The Mighty One, God the LORD, speaks and summons the earth from the rising of the sun to its setting. Out of Zion, the perfection of beauty, God shines forth.
 
Our God comes; he does not keep silence; before him is a devouring fire, around him a mighty tempest. He calls to the heavens above and to the earth, that he may judge his people: "Gather to me my faithful ones, who made a covenant with me by sacrifice!" The heavens declare his righteousness,
for God himself is judge!
 
"Hear, O my people, and I will speak; O Israel, I will testify against you. I am God, your God. Not for your sacrifices do I rebuke you; your burnt offerings are continually before me. I will not accept a bull from your house or goats from your folds. For every beast of the forest is mine, the cattle on a thousand hills. I know all the birds of the hills, and all that moves in the field is mine.
 
"If I were hungry, I would not tell you, for the world and its fullness are mine. Do I eat the flesh of bulls or drink the blood of goats? Offer to God a sacrifice of thanksgiving, and perform your vows to the Most High, and call upon me in the day of trouble; I will deliver you, and you shall glorify me." 
(ESV)

Forgive!

Joseph, Patriarch

31 March 2016

We humans are always looking for a way to become like God. That is the story of the fall in Genesis. The original enticement offered to Adam and Eve by the serpent was, "You will be like God, knowing good and evil" ( Gn 3:5). Our first parents already knew and possessed every good, they had perfect fellowship with God who was Himself the highest good and so all that was left to be given was the knowledge of evil. Adam and Eve grasped at knowing what God knows, seeking to become like God. They sought to become what God had already made them ( Gn 1:27), and puffed up with knowledge ( 1Co 8:1) became so much less. Since the fall we humans seek to elevate ourselves by reaching up toward the divine; our whole struggle is upward toward knowledge and empowerment.
 
But God-like-ness is not about knowing nor the empowerment that knowledge brings. To be like God is to be gracious and forgiving. To be like God is to stoop to our neighbor's need, even when our neighbor is angry and vicious toward us or seeks to hurt us. To be like God is not to strive upward or to struggle after higher knowledge, but to have the mind of Christ who did not consider equality with God something to be grasped, but made himself nothing ( Phil 2:5-6). If you want to be like God then the tools of such becoming are found in the power of forgiveness, in the willingness to abase ourselves and humbly forgive those who sin against us. Here we see the truth of the gospel that those who would become first must be last ( Mk 9:35). To be truly godlike is not to possess some indelible mark or empowering characteristic, but it is to forgive our neighbor from our heart.

 

Martin Luther

"[In the fifth petition of the Lord's Prayer] there is attached a necessary, yet comforting addition: 'As we forgive.' God has promised that we shall be sure that everything is forgiven and pardoned, in the way that we also forgive our neighbor.
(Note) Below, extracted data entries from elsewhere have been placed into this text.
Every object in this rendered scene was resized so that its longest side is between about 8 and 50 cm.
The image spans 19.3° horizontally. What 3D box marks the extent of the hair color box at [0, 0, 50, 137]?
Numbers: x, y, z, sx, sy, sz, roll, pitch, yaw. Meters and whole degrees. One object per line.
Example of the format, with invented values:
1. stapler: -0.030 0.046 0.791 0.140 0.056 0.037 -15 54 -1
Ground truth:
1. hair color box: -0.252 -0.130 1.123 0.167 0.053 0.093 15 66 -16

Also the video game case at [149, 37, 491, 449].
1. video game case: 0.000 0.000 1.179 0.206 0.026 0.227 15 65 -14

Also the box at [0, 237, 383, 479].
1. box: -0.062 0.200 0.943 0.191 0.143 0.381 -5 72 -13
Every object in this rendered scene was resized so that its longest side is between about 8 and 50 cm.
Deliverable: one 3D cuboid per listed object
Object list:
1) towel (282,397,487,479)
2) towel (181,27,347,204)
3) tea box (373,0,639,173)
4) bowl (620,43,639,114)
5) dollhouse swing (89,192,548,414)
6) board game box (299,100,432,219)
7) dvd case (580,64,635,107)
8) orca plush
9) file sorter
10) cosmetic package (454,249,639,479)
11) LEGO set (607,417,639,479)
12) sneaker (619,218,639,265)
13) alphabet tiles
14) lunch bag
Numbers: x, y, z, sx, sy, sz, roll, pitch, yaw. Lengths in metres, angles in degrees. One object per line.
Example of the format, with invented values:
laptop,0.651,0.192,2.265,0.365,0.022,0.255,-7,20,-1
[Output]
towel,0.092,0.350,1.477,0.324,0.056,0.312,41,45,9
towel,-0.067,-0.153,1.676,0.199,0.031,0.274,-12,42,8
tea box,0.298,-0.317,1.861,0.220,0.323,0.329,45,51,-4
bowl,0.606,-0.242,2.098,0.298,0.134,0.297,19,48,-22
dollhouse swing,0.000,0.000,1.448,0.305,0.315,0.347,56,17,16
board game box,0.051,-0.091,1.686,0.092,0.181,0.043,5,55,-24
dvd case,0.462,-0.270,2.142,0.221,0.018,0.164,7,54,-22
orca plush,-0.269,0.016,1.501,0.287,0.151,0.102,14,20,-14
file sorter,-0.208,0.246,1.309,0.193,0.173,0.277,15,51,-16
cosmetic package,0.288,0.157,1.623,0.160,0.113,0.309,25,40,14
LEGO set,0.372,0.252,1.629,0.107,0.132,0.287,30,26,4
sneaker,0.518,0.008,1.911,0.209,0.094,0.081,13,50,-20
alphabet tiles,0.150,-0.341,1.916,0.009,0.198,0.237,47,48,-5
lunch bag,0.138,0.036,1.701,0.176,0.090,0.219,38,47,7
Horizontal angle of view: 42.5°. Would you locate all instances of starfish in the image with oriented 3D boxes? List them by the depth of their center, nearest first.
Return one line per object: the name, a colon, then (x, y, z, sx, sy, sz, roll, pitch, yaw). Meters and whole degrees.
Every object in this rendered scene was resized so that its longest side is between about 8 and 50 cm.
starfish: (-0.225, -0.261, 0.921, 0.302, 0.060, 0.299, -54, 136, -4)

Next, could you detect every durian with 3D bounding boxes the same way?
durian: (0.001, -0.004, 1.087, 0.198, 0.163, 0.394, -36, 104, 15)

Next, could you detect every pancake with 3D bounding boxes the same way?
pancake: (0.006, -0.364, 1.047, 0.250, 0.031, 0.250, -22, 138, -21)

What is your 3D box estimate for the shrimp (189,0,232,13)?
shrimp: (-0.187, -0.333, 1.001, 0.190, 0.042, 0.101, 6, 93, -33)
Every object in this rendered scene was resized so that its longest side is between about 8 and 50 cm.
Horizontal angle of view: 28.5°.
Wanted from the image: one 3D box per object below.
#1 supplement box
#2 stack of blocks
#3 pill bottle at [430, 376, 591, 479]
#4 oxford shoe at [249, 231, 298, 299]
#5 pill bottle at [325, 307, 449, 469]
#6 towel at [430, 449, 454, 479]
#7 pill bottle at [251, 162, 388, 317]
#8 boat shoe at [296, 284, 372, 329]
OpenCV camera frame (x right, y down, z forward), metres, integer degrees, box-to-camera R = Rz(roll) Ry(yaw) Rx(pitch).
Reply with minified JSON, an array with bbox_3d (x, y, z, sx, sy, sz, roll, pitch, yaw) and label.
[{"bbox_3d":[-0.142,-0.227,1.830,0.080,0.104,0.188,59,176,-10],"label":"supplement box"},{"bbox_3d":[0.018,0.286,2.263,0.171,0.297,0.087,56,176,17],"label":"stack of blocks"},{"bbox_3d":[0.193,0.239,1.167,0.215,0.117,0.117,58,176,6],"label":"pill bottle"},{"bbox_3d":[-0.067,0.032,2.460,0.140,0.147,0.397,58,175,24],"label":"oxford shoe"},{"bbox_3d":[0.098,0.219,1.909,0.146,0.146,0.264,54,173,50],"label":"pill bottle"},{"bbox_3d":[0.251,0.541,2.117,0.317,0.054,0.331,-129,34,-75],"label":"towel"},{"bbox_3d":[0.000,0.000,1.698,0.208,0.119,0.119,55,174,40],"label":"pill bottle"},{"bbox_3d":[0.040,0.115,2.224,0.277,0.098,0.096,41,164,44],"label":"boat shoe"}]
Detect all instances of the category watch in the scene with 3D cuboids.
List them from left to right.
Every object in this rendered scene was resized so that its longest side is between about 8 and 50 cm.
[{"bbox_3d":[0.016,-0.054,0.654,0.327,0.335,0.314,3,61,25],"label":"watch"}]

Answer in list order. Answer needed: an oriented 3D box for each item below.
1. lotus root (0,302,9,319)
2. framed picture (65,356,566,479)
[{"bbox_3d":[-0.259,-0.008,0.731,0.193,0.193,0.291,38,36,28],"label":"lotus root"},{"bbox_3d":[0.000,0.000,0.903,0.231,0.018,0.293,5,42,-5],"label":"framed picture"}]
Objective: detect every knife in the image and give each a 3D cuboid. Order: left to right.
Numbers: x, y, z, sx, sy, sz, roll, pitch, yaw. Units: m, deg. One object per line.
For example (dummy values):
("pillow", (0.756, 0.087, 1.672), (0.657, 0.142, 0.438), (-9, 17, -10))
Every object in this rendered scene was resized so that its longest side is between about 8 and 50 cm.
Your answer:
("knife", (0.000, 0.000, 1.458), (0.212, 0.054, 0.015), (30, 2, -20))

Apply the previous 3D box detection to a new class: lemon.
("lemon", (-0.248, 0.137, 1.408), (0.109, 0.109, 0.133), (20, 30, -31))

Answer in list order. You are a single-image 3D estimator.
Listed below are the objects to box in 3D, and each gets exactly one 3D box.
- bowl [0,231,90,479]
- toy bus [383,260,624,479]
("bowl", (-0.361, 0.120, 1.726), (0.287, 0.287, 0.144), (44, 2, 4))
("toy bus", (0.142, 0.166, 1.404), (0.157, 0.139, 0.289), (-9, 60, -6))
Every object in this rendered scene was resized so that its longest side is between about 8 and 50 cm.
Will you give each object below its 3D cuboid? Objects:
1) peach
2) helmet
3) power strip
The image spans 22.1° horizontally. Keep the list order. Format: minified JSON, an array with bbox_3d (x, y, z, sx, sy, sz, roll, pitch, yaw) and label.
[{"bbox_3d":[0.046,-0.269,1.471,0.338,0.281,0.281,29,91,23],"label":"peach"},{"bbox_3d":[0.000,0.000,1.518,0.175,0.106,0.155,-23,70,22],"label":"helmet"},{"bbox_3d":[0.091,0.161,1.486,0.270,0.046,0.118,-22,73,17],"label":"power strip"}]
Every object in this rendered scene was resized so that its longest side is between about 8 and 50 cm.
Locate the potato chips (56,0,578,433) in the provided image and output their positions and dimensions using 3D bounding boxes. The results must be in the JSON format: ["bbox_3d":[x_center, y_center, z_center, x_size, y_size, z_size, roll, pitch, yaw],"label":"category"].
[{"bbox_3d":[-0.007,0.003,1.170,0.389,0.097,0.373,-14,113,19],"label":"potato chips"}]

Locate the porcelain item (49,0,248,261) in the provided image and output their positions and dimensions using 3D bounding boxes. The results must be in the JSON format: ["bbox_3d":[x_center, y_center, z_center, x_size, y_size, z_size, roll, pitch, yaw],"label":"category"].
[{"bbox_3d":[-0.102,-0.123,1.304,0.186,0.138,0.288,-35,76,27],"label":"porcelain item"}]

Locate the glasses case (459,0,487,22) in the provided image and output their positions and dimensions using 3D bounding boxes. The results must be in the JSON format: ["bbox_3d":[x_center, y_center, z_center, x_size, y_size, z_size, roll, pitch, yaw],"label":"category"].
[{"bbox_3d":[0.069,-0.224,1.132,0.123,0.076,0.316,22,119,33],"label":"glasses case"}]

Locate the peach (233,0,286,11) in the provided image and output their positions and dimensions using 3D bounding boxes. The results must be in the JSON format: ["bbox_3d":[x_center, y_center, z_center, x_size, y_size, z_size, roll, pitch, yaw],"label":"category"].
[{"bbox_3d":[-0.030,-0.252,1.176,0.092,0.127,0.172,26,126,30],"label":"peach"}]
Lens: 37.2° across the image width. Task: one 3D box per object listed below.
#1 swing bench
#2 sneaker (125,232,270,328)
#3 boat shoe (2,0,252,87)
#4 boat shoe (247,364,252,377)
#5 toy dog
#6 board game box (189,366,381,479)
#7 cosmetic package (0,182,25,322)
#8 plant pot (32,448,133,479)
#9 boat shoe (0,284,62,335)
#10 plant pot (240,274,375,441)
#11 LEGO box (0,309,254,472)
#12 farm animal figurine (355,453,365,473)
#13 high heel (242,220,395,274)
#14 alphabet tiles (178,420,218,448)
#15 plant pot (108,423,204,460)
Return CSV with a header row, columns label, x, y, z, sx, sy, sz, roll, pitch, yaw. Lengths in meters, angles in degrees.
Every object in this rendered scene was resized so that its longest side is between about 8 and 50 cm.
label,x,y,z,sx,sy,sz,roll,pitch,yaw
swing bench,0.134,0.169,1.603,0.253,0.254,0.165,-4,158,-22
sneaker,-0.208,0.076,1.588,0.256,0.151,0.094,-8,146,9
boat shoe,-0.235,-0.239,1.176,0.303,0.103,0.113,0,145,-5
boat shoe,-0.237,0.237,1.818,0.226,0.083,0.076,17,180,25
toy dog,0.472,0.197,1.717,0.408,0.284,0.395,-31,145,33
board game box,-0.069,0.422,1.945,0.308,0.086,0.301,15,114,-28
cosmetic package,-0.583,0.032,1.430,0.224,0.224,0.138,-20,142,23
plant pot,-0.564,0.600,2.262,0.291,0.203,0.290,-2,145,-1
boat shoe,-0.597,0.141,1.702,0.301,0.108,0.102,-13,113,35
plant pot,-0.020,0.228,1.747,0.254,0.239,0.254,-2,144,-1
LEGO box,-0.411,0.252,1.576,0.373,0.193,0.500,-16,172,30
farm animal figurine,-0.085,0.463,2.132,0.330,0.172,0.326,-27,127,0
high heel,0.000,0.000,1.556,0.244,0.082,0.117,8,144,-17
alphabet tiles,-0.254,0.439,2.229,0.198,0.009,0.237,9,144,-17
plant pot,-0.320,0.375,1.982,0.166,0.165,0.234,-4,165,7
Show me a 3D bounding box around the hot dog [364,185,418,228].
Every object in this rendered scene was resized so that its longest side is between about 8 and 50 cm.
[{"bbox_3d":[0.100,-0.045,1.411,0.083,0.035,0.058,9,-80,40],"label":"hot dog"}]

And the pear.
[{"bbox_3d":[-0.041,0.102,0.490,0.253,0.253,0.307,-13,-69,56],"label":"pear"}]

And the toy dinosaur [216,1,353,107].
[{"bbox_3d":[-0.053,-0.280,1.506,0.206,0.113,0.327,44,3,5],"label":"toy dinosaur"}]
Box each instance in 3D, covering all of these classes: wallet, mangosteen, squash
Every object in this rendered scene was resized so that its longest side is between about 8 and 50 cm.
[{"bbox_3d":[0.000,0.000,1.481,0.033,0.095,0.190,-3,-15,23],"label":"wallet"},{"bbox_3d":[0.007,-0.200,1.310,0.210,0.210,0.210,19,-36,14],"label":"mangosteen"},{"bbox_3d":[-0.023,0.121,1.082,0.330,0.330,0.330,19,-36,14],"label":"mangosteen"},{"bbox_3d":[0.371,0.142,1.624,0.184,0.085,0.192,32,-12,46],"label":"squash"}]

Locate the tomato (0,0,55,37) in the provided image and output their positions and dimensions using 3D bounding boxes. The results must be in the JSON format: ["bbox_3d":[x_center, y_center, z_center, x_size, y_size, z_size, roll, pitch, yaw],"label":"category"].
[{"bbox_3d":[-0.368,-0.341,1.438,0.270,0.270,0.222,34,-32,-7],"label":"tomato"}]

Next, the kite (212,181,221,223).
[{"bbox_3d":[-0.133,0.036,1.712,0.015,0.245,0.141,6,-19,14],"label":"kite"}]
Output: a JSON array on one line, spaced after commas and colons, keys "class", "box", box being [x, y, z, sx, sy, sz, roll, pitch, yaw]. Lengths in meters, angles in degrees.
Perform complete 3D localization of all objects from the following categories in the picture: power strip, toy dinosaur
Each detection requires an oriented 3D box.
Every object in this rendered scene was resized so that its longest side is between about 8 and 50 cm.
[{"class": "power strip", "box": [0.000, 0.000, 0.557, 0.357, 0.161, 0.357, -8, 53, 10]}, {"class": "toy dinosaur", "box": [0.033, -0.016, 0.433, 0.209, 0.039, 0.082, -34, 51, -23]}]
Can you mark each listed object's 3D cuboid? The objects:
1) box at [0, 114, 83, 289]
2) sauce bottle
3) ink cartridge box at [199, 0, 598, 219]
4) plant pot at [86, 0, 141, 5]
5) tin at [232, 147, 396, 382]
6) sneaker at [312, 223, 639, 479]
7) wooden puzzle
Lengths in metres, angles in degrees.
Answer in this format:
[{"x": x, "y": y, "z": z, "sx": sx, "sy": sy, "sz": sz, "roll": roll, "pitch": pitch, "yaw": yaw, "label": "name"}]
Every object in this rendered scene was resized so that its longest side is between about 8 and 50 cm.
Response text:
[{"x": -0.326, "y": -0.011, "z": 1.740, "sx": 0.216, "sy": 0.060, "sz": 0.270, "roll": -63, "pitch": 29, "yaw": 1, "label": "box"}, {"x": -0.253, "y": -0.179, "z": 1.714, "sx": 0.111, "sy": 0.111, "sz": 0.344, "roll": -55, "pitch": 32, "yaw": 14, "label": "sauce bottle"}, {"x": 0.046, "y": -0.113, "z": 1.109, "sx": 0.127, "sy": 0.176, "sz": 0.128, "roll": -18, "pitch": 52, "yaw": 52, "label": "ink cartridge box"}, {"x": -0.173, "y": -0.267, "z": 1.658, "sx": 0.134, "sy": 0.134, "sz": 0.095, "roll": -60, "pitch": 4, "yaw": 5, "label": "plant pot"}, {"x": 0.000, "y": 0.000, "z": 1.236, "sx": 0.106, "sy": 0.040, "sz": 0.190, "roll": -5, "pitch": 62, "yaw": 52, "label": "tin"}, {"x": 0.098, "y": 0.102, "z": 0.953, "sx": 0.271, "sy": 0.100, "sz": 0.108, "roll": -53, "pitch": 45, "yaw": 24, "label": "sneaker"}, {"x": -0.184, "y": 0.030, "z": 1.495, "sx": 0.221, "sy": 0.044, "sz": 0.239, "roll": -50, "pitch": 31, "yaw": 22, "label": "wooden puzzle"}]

Just as we daily sin much against God, and yet He forgives everything through grace, so we, too, must ever forgive our neighbor who does us injury, violence, and wrong, shows malice toward us, and so on. If therefore, you do not forgive, then do not think that God forgives you (Mt 18:23-25). But if you forgive, you have this comfort and assurance, that you are forgiven in heaven. This is not because of your forgiving. For God forgives freely and without condition, out of pure grace, because He has so promised, as the Gospel teaches. But God says this in order that He may establish forgiveness as our confirmation and assurance, as a sign alongside the promise, which agrees with this prayer, 'Forgive, and you will be forgiven.' (Lk 6:37) Therefore, Christ also repeats it soon after the Lord's Prayer, and says, 'For if you forgive others their trespasses, your heavenly Father will also forgive you' (Mt 6:14), and so on.
 
"This sign is therefore attached to this petition when we pray. We remember the promise and think, 'Dear Father, for this reason I come and pray for You to forgive me, not so that I can make satisfaction or can merit anything by my works. I pray because You have promised and attached the seal to this prayer that I should be as sure about it as though I had Absolution pronounced by You Yourself.' For Baptism and the Lord's Supper-appointed as outward signs-work as seals (Eph 1:13). In the same way also, this sign can serve to confirm our consciences and cause them to rejoice. It is especially given for this purpose, so that we may use and practice forgiveness every hour, as a thing that we have with us at all times."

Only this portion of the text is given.